* _Work required_
Filter the records for "percussion" and keep each line that has it.

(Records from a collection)

╭──

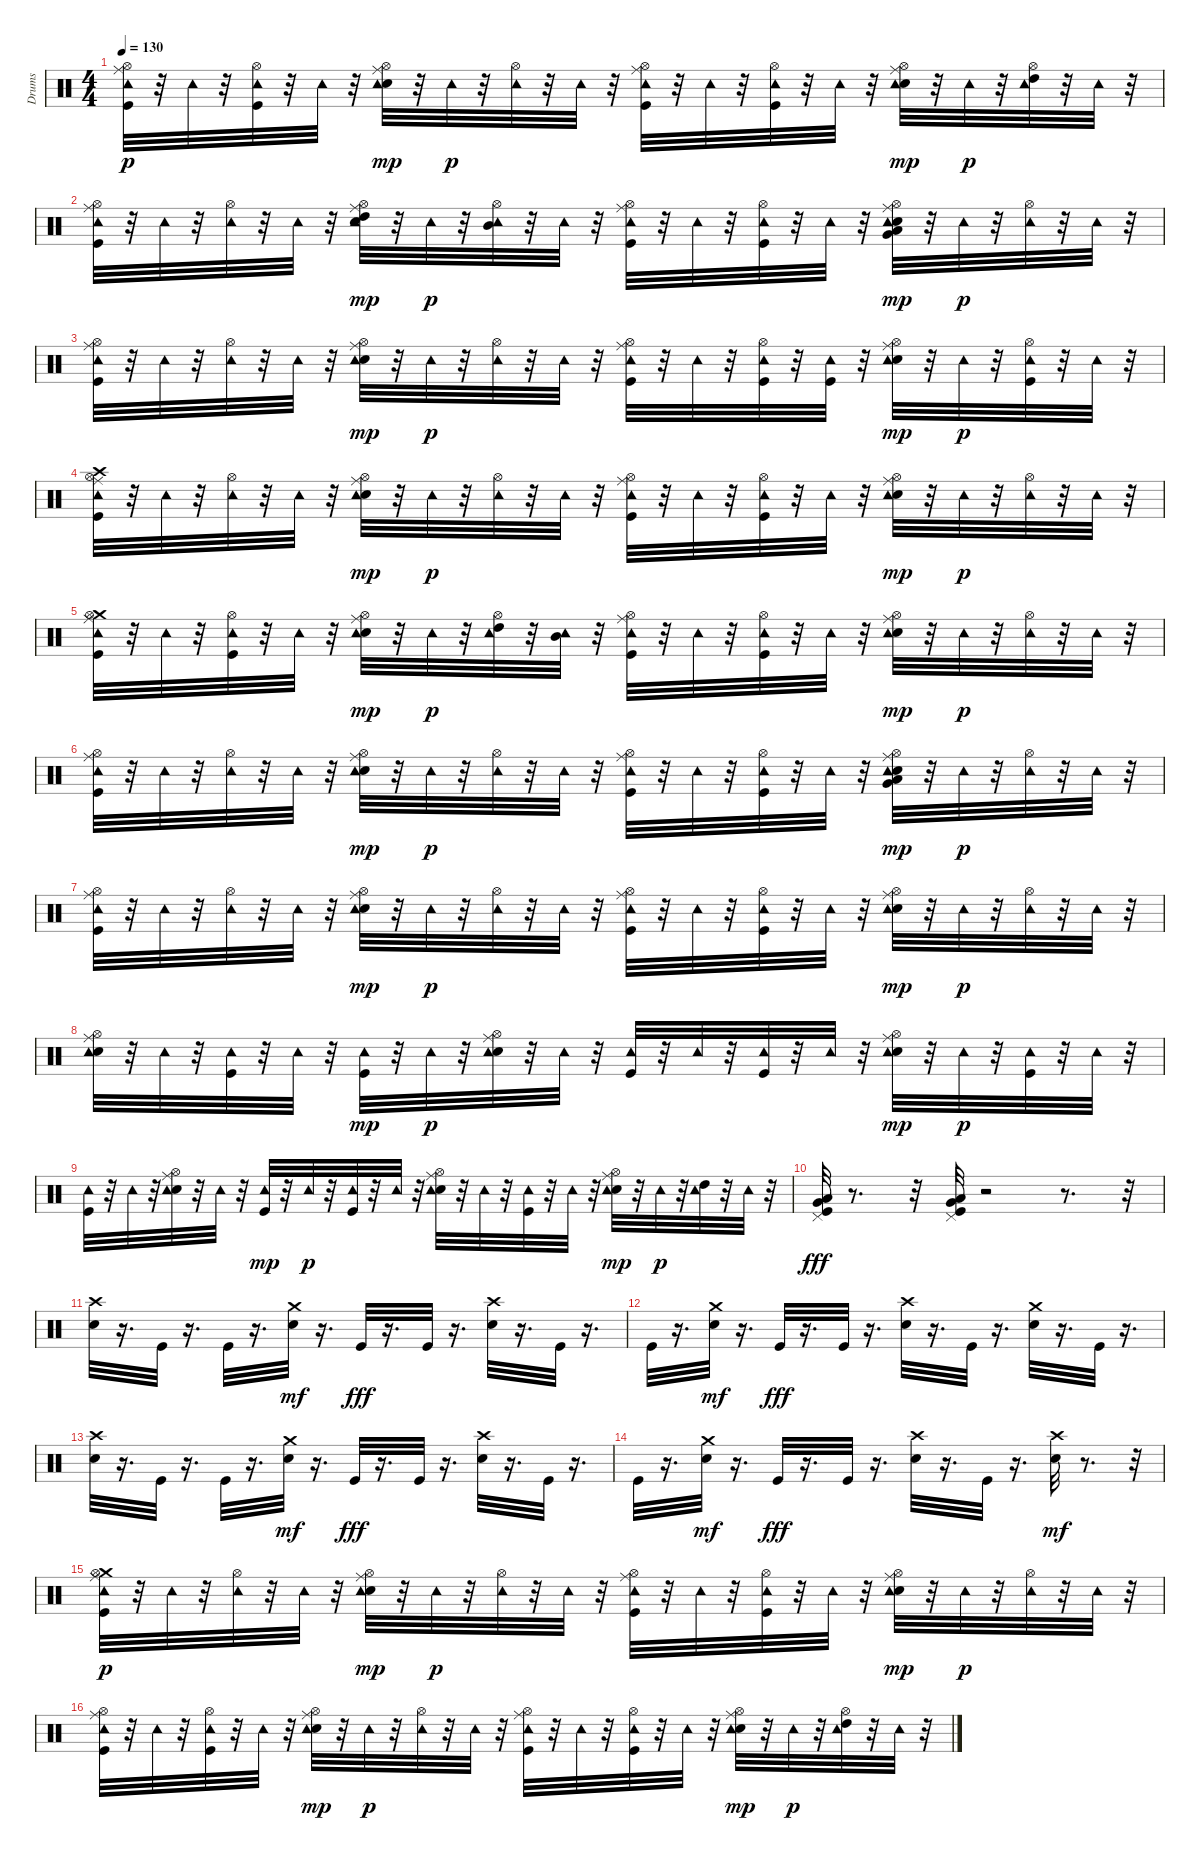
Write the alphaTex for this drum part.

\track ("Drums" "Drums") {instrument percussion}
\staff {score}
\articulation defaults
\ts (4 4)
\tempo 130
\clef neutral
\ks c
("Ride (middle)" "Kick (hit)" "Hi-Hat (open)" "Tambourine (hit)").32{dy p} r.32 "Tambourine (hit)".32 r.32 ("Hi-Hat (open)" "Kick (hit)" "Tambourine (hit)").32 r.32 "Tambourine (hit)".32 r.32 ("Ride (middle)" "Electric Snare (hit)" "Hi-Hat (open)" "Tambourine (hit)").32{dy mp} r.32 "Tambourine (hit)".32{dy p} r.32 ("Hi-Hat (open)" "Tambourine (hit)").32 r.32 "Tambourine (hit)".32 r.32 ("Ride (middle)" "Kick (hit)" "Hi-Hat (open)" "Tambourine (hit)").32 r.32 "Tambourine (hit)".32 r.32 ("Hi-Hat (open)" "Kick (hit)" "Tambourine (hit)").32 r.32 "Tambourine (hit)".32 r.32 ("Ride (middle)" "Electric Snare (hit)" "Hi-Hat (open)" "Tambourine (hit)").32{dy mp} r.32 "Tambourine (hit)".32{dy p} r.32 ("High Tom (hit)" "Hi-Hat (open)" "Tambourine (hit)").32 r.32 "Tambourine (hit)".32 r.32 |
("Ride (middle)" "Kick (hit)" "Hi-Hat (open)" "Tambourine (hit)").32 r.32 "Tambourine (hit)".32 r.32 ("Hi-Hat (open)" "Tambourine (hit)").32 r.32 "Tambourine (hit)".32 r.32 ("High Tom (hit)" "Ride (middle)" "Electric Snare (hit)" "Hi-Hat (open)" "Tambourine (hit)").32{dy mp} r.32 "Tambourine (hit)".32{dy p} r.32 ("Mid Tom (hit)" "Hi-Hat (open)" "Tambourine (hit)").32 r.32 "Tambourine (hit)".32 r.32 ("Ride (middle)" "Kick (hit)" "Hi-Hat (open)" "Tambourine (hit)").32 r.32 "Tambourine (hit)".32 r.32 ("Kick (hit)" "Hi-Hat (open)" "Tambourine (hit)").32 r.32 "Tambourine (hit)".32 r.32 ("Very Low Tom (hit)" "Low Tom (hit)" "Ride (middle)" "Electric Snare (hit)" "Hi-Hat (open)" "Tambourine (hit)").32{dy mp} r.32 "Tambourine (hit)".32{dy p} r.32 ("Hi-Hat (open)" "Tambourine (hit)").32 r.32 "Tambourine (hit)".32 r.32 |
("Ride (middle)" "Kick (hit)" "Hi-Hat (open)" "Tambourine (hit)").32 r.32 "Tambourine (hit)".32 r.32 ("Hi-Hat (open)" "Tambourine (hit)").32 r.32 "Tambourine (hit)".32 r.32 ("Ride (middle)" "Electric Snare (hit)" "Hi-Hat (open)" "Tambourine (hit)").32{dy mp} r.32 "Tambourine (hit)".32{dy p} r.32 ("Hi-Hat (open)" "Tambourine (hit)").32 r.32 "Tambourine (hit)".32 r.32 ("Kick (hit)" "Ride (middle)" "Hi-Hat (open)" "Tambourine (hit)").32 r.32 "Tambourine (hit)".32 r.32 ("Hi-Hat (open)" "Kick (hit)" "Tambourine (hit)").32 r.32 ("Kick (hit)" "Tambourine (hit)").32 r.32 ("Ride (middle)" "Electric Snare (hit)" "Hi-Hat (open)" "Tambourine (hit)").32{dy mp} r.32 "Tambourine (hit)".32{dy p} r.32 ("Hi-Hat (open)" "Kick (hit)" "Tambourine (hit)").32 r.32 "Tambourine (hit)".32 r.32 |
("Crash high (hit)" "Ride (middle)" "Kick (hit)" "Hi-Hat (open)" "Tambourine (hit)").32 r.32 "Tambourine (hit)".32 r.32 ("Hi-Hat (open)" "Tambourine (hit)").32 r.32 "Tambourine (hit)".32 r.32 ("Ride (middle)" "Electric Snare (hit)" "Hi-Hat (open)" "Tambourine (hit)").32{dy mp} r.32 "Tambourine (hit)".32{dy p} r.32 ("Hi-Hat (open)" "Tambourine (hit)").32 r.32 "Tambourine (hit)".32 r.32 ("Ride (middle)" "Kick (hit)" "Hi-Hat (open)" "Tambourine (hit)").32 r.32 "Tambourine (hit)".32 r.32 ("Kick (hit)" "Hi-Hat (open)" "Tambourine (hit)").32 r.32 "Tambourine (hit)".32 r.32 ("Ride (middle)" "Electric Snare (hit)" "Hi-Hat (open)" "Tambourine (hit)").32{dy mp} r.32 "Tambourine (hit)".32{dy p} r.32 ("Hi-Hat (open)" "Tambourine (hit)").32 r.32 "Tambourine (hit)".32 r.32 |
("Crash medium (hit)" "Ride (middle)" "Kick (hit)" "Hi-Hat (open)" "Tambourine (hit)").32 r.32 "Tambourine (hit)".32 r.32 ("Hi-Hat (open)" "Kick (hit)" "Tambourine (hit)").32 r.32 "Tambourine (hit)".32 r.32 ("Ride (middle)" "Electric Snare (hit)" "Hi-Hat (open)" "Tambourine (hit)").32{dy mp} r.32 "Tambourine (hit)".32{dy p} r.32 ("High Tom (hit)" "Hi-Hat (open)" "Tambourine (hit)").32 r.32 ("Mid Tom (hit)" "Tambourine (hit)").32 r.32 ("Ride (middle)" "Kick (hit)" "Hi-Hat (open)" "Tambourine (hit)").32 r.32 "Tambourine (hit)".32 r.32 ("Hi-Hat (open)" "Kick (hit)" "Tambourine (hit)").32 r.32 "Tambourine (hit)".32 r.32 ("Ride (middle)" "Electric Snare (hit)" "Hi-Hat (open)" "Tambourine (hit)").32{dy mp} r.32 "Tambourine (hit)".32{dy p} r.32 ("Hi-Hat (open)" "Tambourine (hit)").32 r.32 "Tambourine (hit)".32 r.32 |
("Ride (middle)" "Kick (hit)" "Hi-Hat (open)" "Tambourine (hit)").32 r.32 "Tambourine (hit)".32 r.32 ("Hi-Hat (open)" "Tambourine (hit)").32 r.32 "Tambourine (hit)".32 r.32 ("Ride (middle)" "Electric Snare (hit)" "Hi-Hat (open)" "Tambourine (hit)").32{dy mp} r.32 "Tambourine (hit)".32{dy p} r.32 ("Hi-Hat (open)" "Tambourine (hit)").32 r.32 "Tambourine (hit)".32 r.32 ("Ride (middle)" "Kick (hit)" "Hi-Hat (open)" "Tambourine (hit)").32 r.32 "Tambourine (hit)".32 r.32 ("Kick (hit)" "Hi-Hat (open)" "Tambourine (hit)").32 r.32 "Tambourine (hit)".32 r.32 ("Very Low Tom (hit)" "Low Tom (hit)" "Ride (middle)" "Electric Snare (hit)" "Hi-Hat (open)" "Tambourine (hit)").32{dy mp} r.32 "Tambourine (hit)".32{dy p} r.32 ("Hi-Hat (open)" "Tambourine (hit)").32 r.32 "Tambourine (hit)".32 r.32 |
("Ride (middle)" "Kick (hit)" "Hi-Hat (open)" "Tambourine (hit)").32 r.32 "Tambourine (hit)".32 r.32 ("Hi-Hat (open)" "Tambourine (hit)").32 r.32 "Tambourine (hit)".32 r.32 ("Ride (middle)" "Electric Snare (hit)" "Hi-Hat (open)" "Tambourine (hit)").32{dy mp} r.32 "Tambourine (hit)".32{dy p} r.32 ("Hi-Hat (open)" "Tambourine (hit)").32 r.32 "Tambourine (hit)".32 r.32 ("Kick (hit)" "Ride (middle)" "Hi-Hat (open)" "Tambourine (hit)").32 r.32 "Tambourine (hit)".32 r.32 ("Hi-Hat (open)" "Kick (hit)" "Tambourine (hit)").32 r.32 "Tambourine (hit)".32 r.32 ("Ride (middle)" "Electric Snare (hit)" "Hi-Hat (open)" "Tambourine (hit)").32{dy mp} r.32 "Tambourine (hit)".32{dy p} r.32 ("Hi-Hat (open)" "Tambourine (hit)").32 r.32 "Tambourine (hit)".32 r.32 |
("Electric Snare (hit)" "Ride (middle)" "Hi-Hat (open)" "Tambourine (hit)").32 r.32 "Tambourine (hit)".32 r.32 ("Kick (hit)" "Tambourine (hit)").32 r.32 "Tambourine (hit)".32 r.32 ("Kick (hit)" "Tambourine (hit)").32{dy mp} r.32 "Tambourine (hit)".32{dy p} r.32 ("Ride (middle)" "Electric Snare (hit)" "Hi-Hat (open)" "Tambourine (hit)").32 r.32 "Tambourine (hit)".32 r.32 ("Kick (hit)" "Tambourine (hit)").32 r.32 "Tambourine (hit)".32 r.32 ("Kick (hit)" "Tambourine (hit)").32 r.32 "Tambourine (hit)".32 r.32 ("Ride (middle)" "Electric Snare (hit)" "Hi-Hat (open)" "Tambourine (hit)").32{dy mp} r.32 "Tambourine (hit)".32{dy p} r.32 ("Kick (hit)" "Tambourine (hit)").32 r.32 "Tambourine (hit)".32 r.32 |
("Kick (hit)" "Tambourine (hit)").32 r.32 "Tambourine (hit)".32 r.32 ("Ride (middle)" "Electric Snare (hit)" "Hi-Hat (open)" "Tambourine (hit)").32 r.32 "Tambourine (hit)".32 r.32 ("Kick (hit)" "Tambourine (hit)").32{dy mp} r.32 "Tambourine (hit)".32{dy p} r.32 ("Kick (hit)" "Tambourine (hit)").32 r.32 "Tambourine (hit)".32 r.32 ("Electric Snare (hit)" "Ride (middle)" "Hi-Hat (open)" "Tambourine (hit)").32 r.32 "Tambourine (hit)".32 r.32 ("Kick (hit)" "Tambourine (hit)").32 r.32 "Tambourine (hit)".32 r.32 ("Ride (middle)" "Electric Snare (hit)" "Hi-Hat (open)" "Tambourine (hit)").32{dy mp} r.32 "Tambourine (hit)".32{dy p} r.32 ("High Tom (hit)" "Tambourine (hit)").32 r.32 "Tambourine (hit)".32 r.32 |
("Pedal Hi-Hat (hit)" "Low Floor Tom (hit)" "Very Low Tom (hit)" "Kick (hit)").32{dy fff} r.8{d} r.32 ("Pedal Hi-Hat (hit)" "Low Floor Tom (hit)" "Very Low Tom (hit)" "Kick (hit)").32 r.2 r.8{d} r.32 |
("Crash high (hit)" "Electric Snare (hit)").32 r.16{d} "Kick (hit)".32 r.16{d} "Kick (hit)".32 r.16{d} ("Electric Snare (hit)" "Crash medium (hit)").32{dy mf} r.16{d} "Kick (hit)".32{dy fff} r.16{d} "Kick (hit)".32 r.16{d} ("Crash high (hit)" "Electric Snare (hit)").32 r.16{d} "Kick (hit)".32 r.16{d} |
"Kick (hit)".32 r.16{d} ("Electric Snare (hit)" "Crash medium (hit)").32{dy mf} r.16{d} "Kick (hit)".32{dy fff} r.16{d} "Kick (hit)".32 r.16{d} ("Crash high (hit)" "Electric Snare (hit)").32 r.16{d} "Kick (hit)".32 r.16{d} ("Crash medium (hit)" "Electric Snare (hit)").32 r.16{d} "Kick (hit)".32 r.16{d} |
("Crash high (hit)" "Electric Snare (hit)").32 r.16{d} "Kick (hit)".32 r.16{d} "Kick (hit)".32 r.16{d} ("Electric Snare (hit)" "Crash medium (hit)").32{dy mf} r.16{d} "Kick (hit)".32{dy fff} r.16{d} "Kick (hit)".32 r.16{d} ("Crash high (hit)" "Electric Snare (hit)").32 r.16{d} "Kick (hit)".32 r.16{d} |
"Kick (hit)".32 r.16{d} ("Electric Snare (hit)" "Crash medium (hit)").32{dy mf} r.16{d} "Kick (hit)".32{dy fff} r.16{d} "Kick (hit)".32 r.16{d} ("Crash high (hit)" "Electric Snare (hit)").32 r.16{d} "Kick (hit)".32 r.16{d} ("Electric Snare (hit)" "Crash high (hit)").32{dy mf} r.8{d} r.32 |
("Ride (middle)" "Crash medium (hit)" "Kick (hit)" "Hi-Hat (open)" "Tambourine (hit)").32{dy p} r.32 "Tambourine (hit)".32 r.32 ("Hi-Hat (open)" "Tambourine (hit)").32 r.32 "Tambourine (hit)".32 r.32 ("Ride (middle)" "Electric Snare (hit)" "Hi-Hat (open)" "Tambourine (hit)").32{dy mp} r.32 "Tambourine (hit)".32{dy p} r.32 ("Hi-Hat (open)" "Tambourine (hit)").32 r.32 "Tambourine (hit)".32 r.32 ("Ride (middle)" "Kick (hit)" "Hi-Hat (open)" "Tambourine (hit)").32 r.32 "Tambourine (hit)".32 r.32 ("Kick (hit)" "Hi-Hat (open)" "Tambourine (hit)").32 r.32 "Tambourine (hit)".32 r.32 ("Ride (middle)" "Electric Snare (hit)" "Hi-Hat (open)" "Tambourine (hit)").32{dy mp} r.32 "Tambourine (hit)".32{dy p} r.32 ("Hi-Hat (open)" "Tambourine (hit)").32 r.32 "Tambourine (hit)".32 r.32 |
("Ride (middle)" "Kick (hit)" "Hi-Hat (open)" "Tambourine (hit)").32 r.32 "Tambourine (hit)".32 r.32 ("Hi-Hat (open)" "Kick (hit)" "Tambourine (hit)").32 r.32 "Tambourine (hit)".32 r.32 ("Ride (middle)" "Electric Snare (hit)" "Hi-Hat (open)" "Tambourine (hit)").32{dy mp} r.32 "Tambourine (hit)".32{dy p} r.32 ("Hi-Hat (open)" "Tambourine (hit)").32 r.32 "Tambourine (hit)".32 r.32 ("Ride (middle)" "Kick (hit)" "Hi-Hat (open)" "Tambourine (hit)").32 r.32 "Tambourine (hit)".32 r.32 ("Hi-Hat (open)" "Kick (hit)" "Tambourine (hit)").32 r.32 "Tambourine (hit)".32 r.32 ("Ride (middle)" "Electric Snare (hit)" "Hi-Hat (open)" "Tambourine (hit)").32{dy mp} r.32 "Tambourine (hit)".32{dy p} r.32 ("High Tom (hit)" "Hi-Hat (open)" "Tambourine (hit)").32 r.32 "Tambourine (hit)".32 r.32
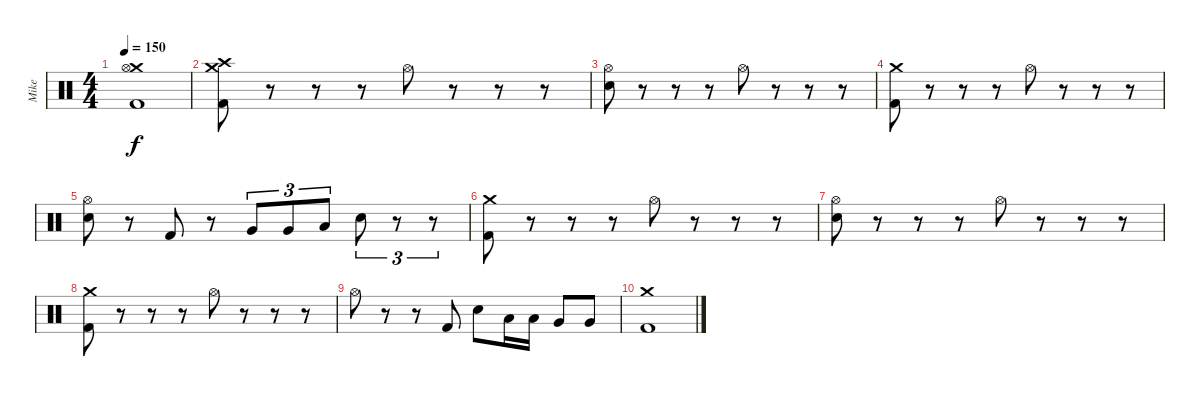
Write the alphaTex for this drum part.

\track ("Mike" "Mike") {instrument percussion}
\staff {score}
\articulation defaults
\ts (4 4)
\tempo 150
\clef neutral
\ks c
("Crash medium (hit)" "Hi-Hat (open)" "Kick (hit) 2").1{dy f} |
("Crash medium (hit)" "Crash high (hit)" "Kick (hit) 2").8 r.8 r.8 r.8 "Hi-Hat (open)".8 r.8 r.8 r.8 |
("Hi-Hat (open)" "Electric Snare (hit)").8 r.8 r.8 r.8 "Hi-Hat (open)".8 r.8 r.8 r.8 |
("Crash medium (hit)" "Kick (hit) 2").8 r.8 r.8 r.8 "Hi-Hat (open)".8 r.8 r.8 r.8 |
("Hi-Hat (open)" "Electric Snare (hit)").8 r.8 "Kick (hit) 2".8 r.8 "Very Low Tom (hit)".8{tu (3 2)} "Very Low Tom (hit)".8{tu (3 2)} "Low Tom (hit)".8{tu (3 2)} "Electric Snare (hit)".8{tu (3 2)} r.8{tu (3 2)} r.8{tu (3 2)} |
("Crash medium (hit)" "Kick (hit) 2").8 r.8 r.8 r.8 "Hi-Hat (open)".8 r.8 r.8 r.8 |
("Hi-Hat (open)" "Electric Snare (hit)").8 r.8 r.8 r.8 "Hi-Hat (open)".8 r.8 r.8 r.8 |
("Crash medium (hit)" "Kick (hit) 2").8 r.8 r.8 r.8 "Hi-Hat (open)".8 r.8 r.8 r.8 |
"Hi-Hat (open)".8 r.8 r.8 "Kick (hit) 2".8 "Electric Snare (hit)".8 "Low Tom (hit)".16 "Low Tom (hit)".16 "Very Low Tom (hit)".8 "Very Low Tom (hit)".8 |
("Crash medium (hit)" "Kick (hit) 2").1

╰──

* _Your solution_
\track ("Drums" "Drums") {instrument percussion}
\track ("Mike" "Mike") {instrument percussion}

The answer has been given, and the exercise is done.